Update: Recently on haskell-cafe Oleg Kiseljov showed that
unsafeInterleaveST
(which is used for implementing lazy IO within the ST monad) is very unsafe - it breaks equational reasoning. He shows that it allows to constructbad_ctx :: ((Bool,Bool) -> Bool) -> Bool
such that
even though
==
is commutative.Another problem with lazy IO: The actual IO operation can be deferred until it's too late, for example after the file is closed. Quoting from Haskell Wiki - Problems with lazy IO:
This is often unexpected and an easy-to-make error.
See also: Three examples of problems with Lazy I/O.
迄今为止尚未提及的惰性 IO 的另一个问题是它具有令人惊讶的行为。在普通的 Haskell 程序中,有时很难预测程序的每个部分何时被评估,但幸运的是,由于纯粹性,除非遇到性能问题,否则这并不重要。当引入惰性 IO 时,代码的求值顺序实际上会影响其含义,因此您习惯认为无害的更改可能会导致真正的问题。
举个例子,这里有一个关于代码的问题,看起来很合理,但由于延迟 IO 而变得更加混乱: withFile 与 openFile< /a>
这些问题并不总是致命的,但这是需要考虑的另一件事,并且是一个足够严重的头痛,我个人会避免惰性 IO,除非预先完成所有工作存在真正的问题。
Another problem with lazy IO that hasn't been mentioned so far is that it has surprising behaviour. In a normal Haskell program, it can sometimes be difficult to predict when each part of your program is evaluated, but fortunately due to purity it really doesn't matter unless you have performance problems.

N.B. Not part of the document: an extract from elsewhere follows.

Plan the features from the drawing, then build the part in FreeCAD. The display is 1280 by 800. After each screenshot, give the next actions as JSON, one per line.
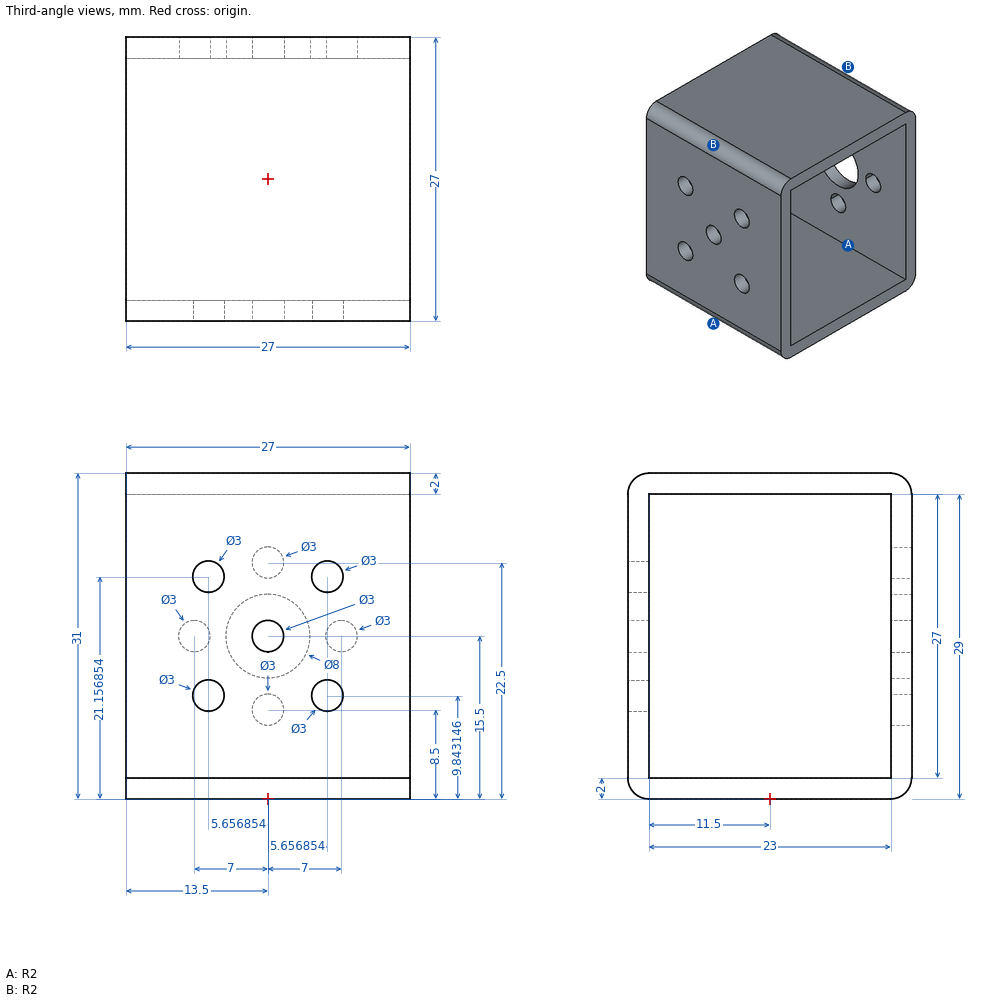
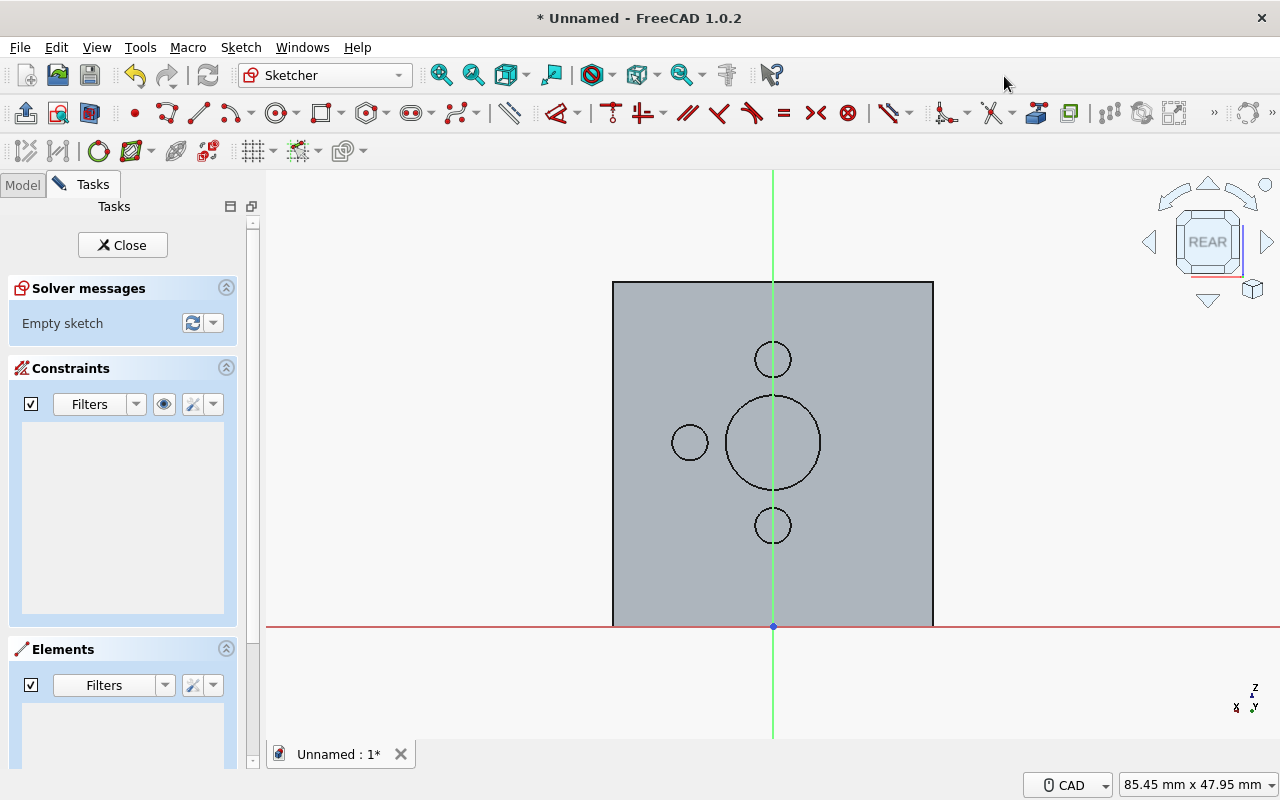
{"action": "scroll", "coordinate": [871, 441], "scroll_direction": "up", "scroll_amount": 12}

When lazy IO is introduced, the evaluation order of your code actually has an effect on its meaning, so changes that you're used to thinking of as harmless can cause you genuine problems.
As an example, here's a question about code that looks reasonable but is made more confusing by deferred IO: withFile vs. openFile
These problems aren't invariably fatal, but it's another thing to think about, and a sufficiently severe headache that I personally avoid lazy IO unless there's a real problem with doing all the work upfront.

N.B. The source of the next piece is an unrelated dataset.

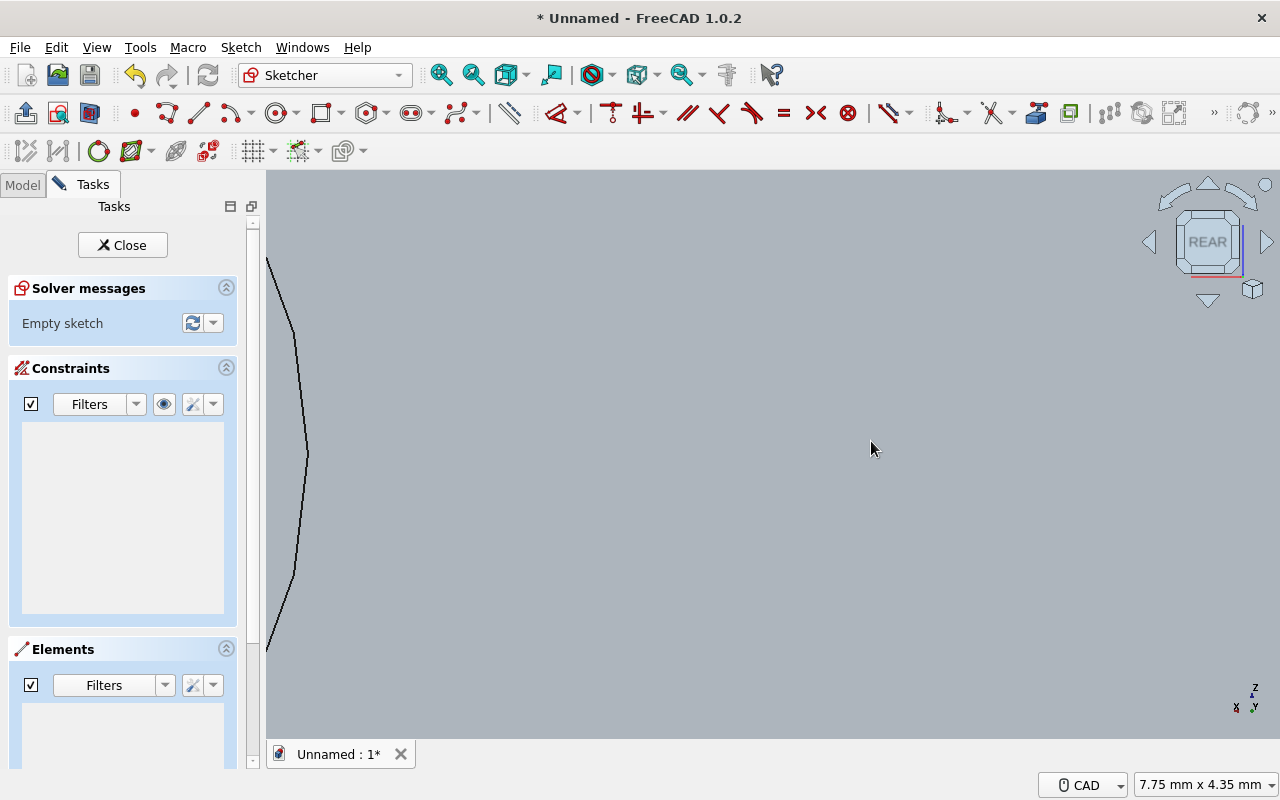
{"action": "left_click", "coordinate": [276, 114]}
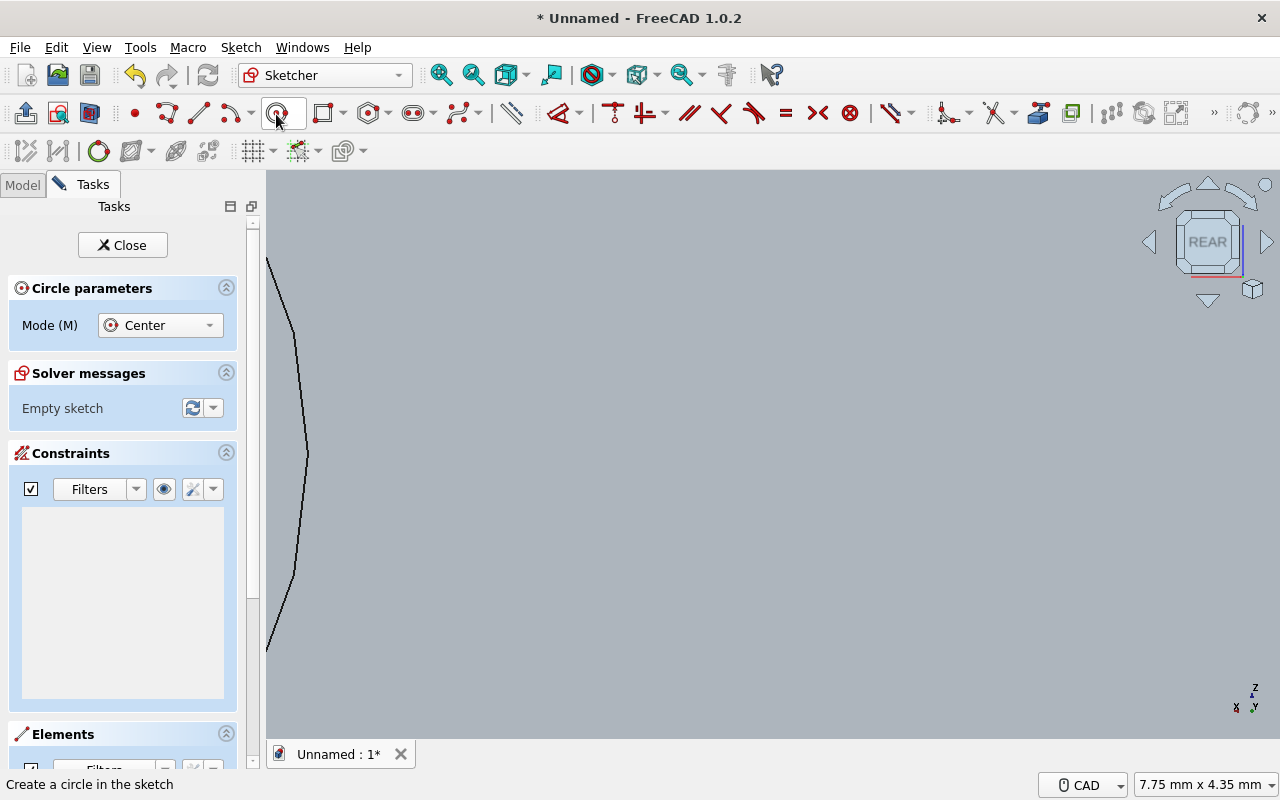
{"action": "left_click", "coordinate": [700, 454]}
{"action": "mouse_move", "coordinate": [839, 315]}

惰性 I/O 的糟糕之处在于,作为程序员,您必须对某些资源进行微观管理,而不是对实现进行管理。例如,以下哪项是“不同的”?
freeSTRef :: STRef sa ->; ST s()
closeIORef::IORef a -> IO()
endMVar::MVar a -> IO()
discardTVar::TVar -> STM()
hClose::Handle -> IO()
finalizeForeignPtr::ForeignPtr a -> IO ()
...在所有这些不屑一顾的定义中,最后两个 -
hClose
和finalizeForeignPtr
- 实际上确实存在。至于其余的,他们可以用语言提供什么服务,由实现来更可靠地执行!因此,如果文件句柄和外部引用等资源的消除也留给实现,那么惰性 I/O 可能不会比惰性评估差。
What's so bad about lazy I/O is that you, the programmer, have to micro-manage certain resources instead of the implementation. For example, which of the following is "different"?

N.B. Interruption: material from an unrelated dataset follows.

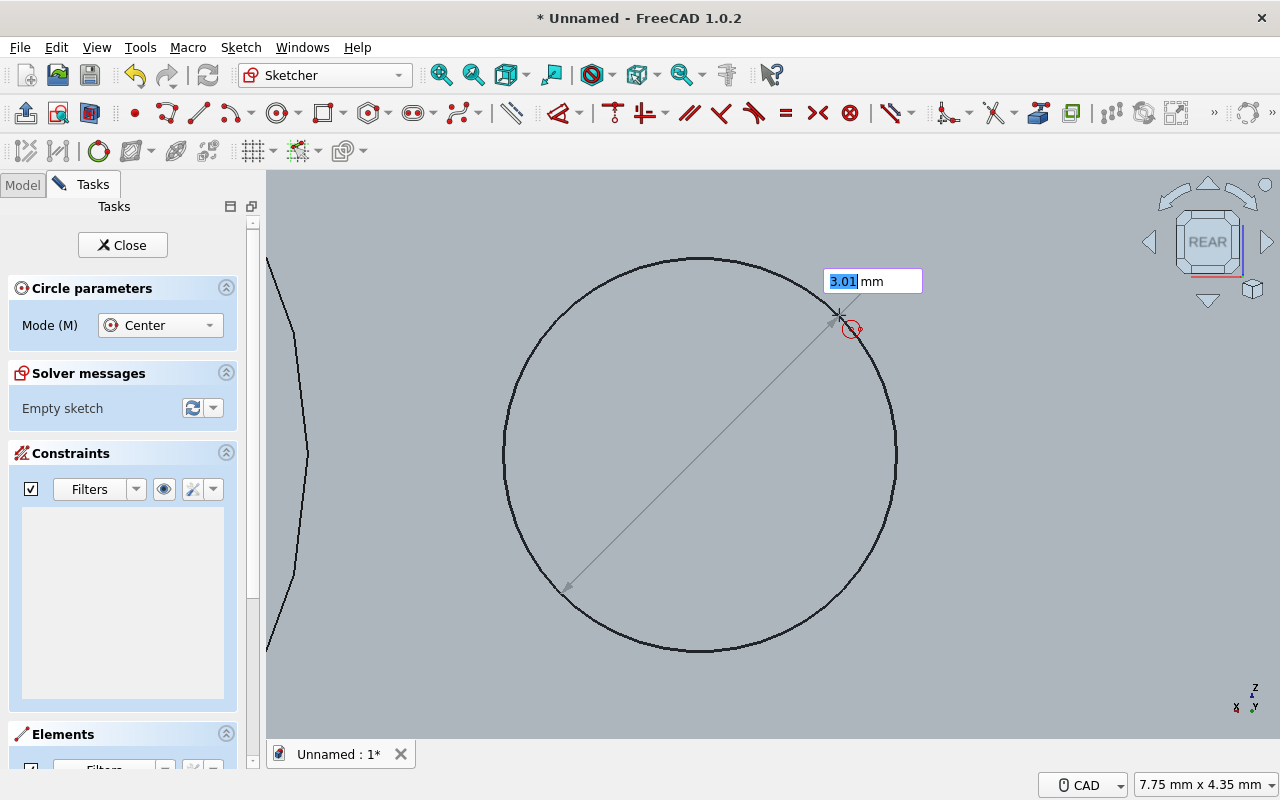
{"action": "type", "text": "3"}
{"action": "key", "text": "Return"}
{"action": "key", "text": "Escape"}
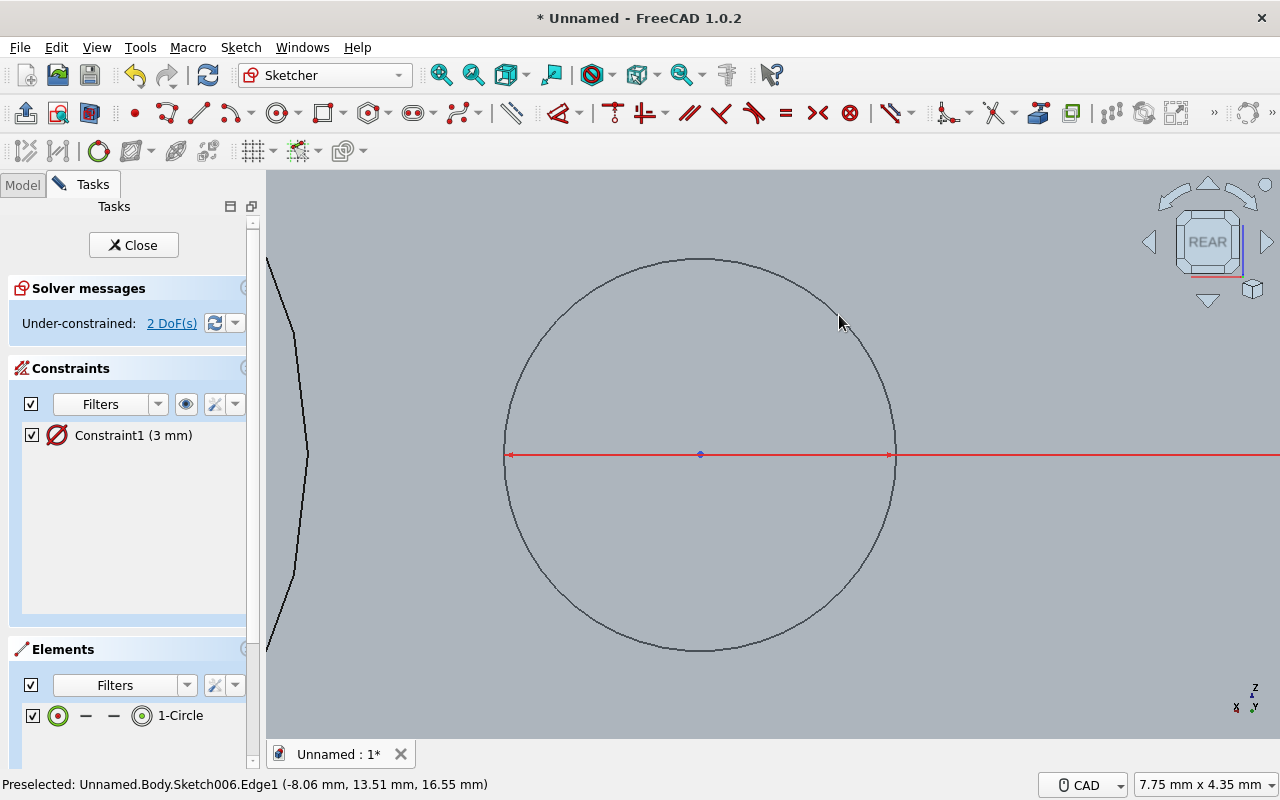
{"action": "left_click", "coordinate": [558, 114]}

freeSTRef :: STRef s a -> ST s ()
closeIORef :: IORef a -> IO ()
endMVar :: MVar a -> IO ()
discardTVar :: TVar -> STM ()
hClose :: Handle -> IO ()
finalizeForeignPtr :: ForeignPtr a -> IO ()
...out of all these dismissive definitions, the last two -
hClose
andfinalizeForeignPtr
- actually do exist. As for the rest, what service they could provide in the language is much more reliably performed by the implementation!So if the dismissing of resources like file handles and foreign references was also left to the implementation, lazy I/O would probably be no worse than lazy evaluation.